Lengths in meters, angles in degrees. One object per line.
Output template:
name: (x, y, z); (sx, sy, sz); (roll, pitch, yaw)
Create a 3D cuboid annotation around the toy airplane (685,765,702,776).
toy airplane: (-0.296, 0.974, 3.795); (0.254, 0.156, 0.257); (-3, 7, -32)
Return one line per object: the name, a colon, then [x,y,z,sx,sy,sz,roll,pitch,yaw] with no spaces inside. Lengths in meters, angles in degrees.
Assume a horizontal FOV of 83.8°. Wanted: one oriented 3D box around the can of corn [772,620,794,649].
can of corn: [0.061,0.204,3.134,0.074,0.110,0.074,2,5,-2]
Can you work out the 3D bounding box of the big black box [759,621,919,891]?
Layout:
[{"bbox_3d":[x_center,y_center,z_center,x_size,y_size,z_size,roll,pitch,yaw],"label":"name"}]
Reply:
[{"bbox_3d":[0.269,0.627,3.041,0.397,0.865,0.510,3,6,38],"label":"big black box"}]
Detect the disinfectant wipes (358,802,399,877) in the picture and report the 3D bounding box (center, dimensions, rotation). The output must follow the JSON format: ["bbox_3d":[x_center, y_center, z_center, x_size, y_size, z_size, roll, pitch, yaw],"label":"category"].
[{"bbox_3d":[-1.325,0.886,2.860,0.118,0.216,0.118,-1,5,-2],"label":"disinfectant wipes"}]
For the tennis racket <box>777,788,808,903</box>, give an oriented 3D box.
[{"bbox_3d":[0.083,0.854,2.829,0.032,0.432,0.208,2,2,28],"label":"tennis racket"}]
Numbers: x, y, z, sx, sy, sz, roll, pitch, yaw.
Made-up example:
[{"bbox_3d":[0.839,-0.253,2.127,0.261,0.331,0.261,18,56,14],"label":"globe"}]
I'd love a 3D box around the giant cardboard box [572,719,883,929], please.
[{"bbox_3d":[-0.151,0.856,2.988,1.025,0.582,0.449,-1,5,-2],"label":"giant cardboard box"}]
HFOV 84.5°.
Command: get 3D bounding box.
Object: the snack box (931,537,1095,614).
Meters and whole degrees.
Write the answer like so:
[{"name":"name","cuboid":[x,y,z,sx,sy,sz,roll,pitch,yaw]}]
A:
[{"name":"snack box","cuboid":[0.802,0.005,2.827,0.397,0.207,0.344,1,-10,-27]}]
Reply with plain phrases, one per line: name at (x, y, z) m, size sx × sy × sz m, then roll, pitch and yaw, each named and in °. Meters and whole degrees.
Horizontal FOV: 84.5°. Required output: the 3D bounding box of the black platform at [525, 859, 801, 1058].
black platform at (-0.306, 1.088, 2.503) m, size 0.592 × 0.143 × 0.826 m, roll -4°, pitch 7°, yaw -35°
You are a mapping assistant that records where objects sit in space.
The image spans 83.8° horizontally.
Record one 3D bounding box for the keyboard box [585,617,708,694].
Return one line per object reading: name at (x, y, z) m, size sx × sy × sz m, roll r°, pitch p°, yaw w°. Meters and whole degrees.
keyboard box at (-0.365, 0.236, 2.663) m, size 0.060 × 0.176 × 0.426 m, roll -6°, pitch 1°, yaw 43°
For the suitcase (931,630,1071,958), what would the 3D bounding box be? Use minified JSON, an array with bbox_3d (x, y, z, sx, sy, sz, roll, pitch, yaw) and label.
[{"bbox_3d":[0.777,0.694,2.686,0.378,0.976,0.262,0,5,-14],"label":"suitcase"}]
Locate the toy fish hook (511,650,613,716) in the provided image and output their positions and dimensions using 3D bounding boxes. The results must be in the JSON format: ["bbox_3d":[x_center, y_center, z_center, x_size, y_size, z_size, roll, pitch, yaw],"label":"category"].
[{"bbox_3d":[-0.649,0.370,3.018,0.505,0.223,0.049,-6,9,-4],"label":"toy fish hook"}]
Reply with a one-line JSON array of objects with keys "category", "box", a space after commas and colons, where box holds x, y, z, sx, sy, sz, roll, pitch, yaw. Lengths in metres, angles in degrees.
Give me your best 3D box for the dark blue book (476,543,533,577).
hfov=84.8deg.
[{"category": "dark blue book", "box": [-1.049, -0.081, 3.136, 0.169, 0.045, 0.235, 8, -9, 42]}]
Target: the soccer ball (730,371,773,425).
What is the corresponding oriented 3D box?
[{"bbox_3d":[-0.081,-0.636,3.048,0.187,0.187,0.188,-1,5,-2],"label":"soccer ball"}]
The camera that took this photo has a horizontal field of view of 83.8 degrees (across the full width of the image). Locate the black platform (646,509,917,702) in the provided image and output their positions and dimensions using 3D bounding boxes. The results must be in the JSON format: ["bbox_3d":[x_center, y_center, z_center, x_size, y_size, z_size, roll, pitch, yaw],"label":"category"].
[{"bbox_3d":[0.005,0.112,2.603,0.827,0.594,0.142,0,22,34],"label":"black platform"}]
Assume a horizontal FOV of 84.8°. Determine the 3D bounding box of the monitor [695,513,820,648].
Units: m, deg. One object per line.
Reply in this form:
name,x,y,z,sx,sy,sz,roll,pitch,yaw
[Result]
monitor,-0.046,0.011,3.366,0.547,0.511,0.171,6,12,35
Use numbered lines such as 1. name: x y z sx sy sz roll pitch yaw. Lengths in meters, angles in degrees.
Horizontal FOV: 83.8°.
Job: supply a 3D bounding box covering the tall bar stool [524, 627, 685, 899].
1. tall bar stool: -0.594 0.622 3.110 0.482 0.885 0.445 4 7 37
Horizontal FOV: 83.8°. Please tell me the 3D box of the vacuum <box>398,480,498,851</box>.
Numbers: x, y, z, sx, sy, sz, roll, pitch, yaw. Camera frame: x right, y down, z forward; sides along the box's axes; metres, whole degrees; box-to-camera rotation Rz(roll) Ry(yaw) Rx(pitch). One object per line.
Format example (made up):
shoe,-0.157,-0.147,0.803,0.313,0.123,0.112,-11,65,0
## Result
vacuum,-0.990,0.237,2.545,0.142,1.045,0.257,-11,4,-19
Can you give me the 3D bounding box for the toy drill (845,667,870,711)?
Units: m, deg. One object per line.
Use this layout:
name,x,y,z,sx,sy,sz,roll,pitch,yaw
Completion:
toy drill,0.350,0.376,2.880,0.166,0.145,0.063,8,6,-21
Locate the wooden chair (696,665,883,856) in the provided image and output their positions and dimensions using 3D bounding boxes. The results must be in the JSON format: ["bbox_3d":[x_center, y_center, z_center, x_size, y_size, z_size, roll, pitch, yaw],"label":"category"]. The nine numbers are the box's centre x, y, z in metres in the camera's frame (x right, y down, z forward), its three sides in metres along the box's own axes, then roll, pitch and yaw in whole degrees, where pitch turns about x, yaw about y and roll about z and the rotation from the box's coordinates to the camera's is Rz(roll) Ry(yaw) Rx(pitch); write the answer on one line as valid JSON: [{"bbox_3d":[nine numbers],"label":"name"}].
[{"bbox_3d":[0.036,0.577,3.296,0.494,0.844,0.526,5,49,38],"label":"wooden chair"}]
━━━
WHAT THE TASK REQUIRES
If a line in the entries above holds the word "example", count it; then report the total alone.

PROBLEM SOLUTION
2